‘Mad Apple’ in Las Vegas replicates the energy of New York

The energy exhibited during a performance of Cirque du Soleil’s Mad Apple is a bit overwhelming at times—much like the city the show salutes through a series of vignettes, some comical, some acrobatic, some a bit profane. Through it all, the Cirque troupe lovingly replicates the bustling vibe of the City That Never Sleeps.

Everything about this show screams motion—bodies are constantly moving and flying across the stage; there’s a bar set up in front of the stage prior to showtime, with both bartenders displaying their flair skills for the crowd. Heck, even the live band, including a trumpeter, saxophonist, keyboard player and drummer, can’t sit still, twisting and turning in their perches above the proceedings, and even joining the zaniness on stage from time to time!

As your ears are treated to live versions of songs like “New York State of Mind,” “Summertime” and “Rhapsody in Blue,” your eyes are treated to some of the best Cirque acts the Strip has to offer:

• A juggler who exudes confidence (and more than a bit of sexiness) as he throws juggling pins high into the air, catching them from all angles;

• A diabolo artist who keeps adding yo-yos without skipping a single beat;

• Basketball dunkers who seem to almost be on the verge of vaulting into audience members seated at the sides of the stage (Of course they never do, and in the process show off impeccable timing);

• A woman who hangs from a harness by her long hair and performs a full routine that way, spinning, cavorting and displaying a gracefulness most of us would not possess were our follicles in danger;

• Two performers who make the entire audience hold its breath while they flip each other through the air using only the power of their legs;

• A strongman who’s harnessed into place on a large contraption and grabs a woman by the arms, flipping and flinging her into the air using only his arm strength;

• A hand balancer who’s as graceful as he is lithe and sinewy;

• Aerialists who spin around the stage and over some of the audience, as well as floor acrobats who jump through hoops that get progressively higher and higher.

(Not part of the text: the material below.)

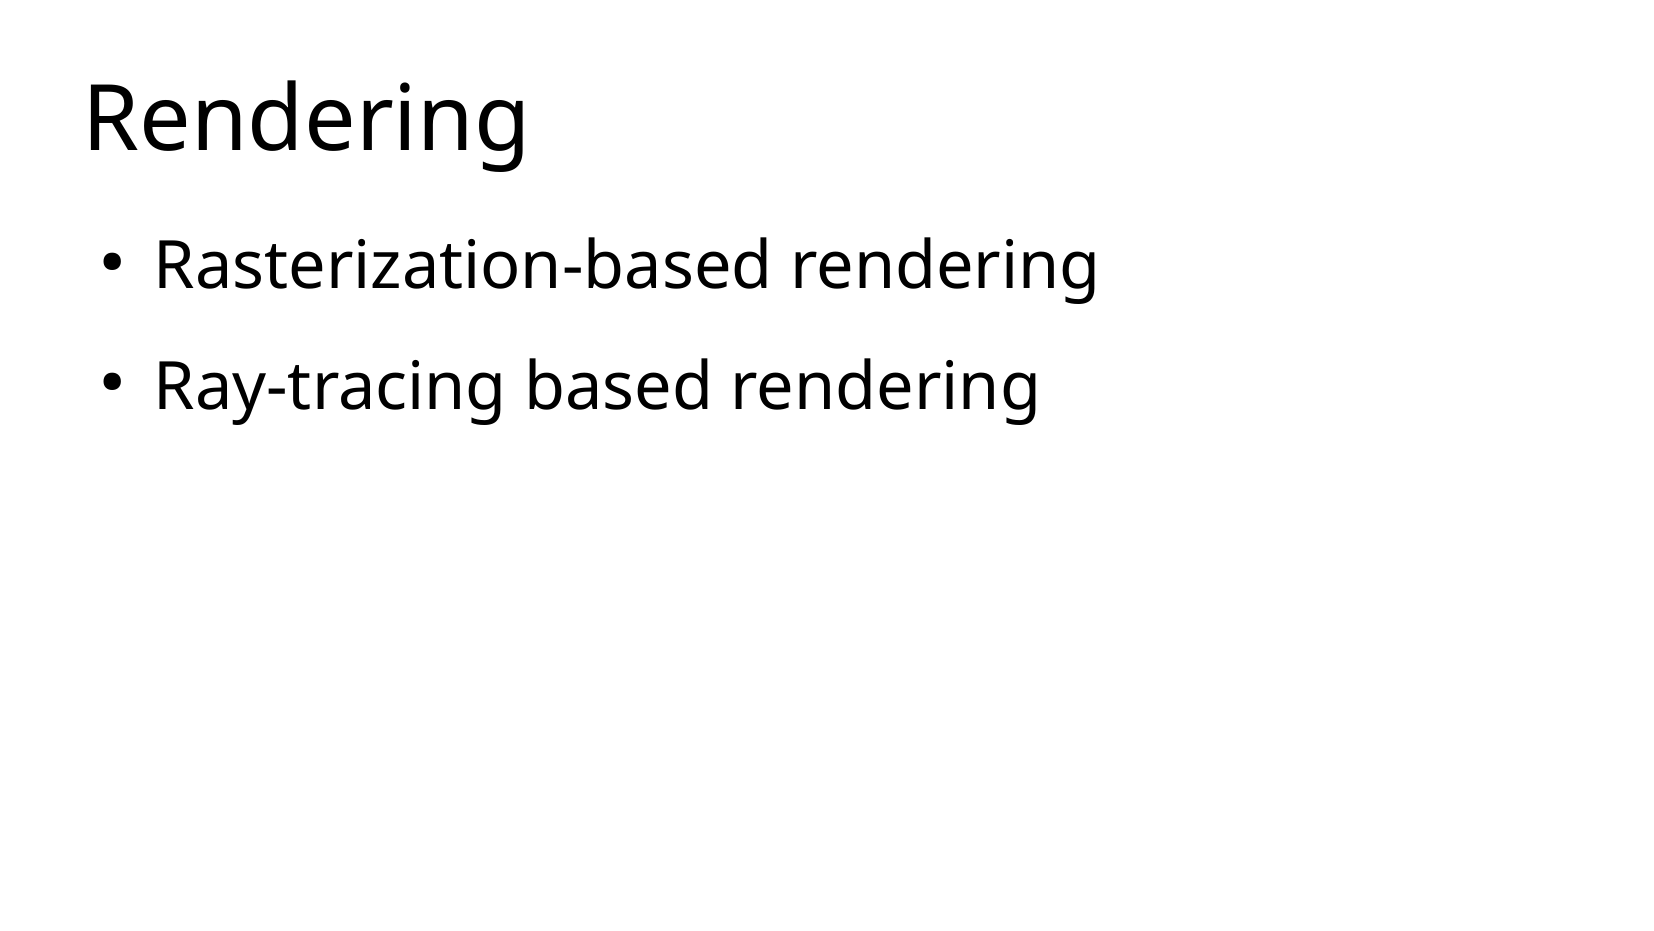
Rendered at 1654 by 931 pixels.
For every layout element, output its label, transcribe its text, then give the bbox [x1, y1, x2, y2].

list Rasterization-based rendering Ray-tracing based rendering [82, 217, 1571, 758]
title Rendering [82, 37, 1571, 193]

There’s also plenty of humor, most of it supplied by comedian Harrison Greenbaum, an America’s Got Talent alumnus who even performs a bit of magic in between the hilarious jokes and audience banter. Another comedic highlight involves the show’s “stage manager” displaying his talents when it comes to shadow puppets. (Spoiler alert and a surprise to absolutely no one: It’s for adults only!)

Speaking of hand gestures, yes, there are plenty of “Bronx salutes” in this show—would you expect anything less?